- Recorded data
=====

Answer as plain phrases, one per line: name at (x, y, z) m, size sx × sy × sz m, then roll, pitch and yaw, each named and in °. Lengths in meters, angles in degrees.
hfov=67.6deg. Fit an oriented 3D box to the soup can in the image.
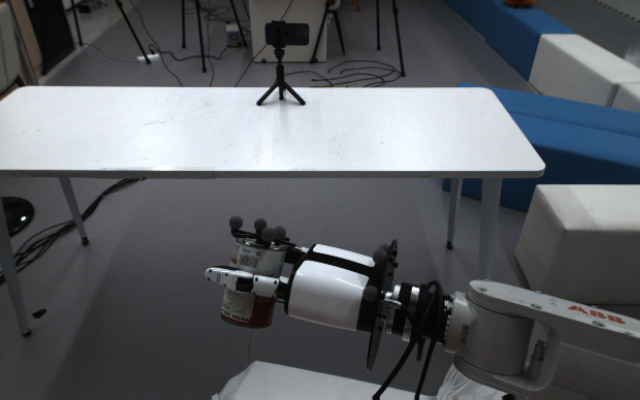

=====

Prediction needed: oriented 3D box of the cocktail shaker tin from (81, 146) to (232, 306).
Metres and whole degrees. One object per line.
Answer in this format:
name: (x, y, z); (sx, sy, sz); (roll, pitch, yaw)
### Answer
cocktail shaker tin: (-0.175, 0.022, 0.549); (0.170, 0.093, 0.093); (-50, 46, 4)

=====

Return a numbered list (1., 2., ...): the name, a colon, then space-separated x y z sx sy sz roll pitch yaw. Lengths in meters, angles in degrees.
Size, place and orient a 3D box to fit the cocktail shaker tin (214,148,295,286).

=====

- Task statement
Copy each line above holding "angles".

- Written solution
Answer as plain phrases, one per line: name at (x, y, z) m, size sx × sy × sz m, then roll, pitch and yaw, each named and in °. Lengths in meters, angles in degrees.
Return a numbered list (1., 2., ...): the name, a colon, then space-separated x y z sx sy sz roll pitch yaw. Lengths in meters, angles in degrees.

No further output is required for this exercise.